*Data provided*
⁂

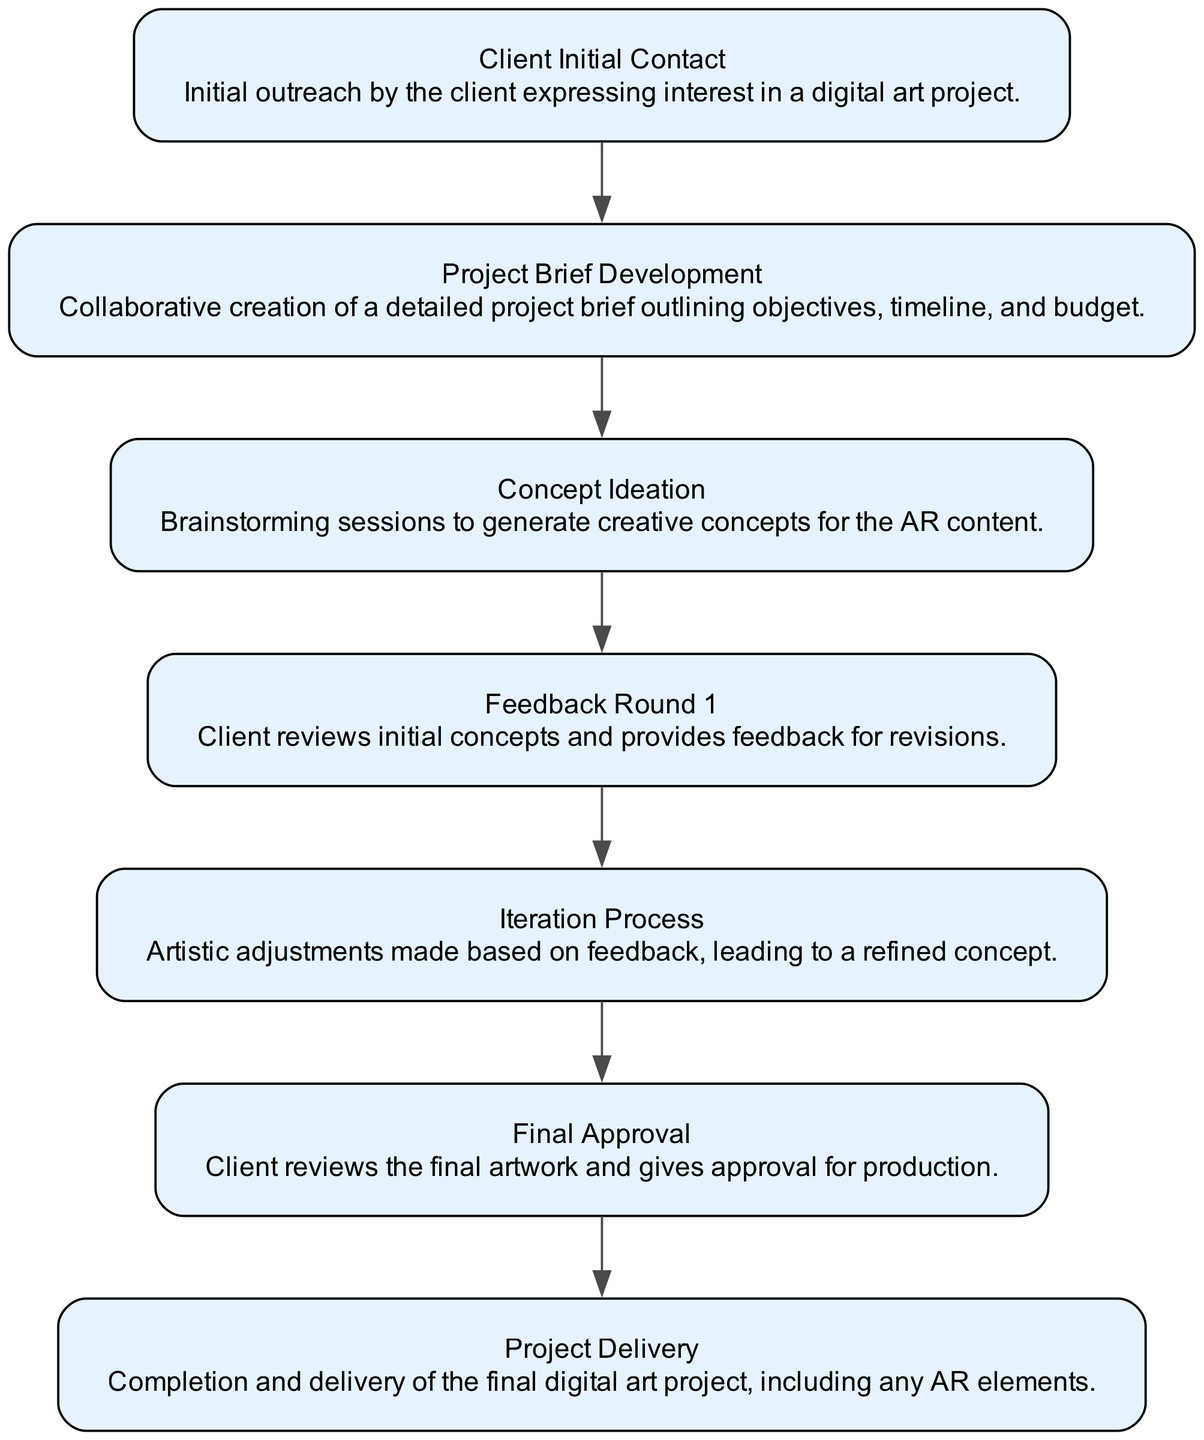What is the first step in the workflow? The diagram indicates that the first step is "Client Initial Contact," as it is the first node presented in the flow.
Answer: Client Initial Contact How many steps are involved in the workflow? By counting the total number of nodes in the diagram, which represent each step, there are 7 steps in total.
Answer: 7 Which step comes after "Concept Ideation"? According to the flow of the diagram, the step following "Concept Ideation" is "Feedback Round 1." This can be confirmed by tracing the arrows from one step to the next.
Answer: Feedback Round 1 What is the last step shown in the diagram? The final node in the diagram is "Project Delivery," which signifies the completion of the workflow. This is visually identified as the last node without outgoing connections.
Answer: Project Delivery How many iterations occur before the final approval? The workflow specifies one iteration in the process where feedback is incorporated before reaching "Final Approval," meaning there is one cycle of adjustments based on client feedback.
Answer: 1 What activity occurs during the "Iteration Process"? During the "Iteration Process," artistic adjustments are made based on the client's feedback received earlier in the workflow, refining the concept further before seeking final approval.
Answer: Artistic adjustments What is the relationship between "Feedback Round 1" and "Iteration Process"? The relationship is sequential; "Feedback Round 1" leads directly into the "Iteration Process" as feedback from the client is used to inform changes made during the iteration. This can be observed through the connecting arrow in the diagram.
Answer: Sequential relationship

⁂

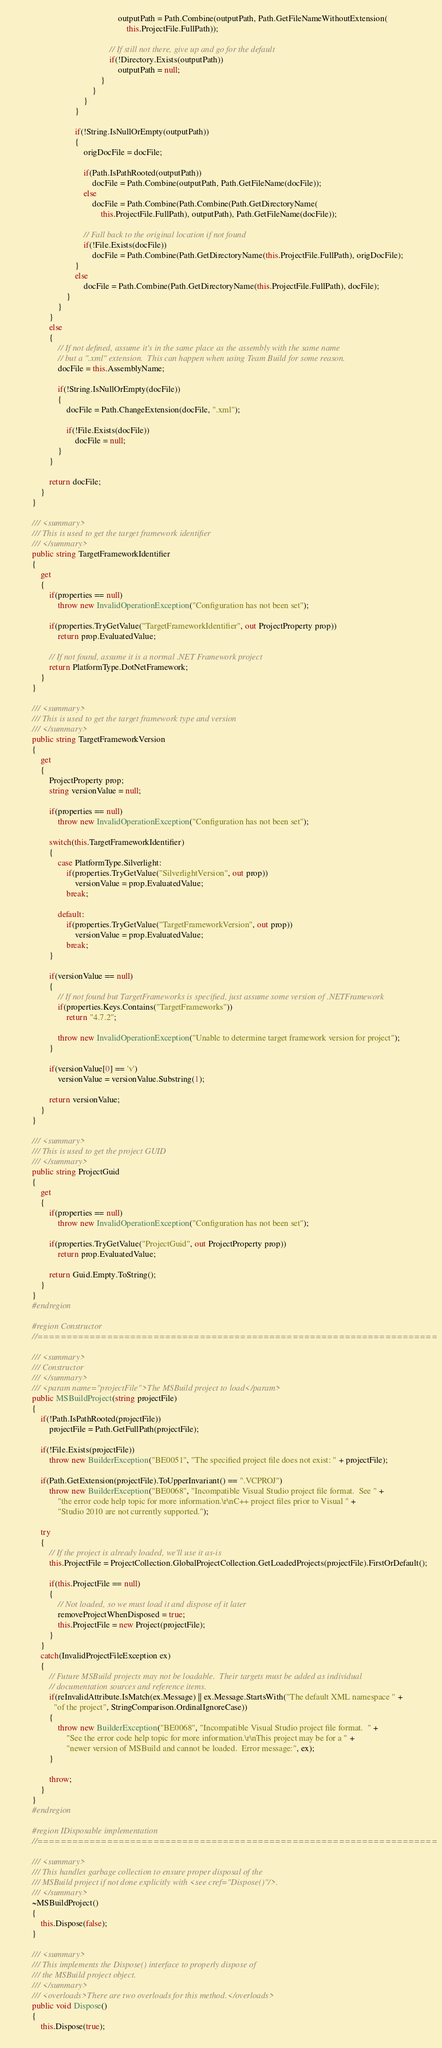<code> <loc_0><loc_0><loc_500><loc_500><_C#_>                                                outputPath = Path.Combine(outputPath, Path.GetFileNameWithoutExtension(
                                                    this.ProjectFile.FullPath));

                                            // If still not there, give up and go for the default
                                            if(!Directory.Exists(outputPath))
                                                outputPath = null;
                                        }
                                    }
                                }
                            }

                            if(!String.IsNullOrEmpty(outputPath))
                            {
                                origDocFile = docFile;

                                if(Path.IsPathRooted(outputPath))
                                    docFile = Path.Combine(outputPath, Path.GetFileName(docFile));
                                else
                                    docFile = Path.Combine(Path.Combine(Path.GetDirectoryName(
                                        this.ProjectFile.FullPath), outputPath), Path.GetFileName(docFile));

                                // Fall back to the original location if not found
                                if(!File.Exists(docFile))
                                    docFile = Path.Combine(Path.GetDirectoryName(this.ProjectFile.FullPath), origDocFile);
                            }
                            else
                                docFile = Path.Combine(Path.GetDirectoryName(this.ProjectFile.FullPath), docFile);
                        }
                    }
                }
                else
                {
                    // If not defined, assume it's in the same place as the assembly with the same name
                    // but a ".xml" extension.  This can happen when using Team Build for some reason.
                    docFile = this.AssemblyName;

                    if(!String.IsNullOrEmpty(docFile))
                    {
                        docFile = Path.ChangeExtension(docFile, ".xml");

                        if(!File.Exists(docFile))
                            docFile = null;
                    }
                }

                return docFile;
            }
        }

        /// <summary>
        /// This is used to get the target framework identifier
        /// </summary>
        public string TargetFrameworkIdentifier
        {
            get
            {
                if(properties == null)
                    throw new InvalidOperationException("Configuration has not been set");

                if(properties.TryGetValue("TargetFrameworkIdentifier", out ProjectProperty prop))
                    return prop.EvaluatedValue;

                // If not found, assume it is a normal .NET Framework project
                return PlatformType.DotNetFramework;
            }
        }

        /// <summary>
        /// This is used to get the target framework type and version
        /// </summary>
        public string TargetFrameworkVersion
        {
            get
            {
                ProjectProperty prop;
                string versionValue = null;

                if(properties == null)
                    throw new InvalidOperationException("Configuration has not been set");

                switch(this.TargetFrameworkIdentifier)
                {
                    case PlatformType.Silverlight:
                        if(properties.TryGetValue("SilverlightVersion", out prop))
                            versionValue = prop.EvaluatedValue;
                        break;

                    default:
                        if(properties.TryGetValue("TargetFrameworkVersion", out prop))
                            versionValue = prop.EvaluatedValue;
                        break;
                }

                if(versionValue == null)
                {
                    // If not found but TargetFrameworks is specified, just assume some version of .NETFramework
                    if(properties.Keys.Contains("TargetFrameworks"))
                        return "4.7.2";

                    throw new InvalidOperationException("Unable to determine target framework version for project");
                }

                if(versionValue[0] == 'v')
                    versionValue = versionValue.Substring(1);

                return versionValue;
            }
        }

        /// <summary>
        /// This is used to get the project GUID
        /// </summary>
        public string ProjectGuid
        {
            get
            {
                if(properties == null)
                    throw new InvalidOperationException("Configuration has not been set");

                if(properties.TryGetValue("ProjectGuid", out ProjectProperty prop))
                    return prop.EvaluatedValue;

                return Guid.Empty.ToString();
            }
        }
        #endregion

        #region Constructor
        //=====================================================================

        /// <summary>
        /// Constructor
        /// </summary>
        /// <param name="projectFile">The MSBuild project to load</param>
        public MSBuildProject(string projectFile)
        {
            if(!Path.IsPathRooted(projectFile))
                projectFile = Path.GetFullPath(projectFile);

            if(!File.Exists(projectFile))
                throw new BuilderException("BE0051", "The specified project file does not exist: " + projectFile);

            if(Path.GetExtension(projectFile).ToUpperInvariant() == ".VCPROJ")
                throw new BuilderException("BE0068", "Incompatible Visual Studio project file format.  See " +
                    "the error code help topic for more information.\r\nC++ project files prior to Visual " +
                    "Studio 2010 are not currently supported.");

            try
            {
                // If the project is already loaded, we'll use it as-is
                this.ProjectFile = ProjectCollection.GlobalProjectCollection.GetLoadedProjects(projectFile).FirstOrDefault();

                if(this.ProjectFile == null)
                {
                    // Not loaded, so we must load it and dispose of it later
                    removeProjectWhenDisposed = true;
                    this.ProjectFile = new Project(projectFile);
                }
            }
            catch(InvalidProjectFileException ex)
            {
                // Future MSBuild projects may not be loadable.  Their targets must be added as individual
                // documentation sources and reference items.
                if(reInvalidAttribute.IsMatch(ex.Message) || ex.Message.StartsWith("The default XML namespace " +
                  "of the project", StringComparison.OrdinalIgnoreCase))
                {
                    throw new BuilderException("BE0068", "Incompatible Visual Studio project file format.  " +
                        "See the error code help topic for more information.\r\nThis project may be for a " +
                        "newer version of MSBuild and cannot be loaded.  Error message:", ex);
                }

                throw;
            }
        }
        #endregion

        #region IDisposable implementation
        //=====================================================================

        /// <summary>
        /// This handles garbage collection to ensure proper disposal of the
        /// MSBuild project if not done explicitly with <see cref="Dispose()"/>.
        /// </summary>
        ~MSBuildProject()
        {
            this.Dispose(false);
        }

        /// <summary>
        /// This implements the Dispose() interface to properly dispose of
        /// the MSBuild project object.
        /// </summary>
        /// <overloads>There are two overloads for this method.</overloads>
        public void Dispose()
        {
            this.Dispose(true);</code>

⁂

*Exercise requirements*
Report the number of lines in the material above that contain "versionValue". Nothing else is wanted.

*Exercise result*
7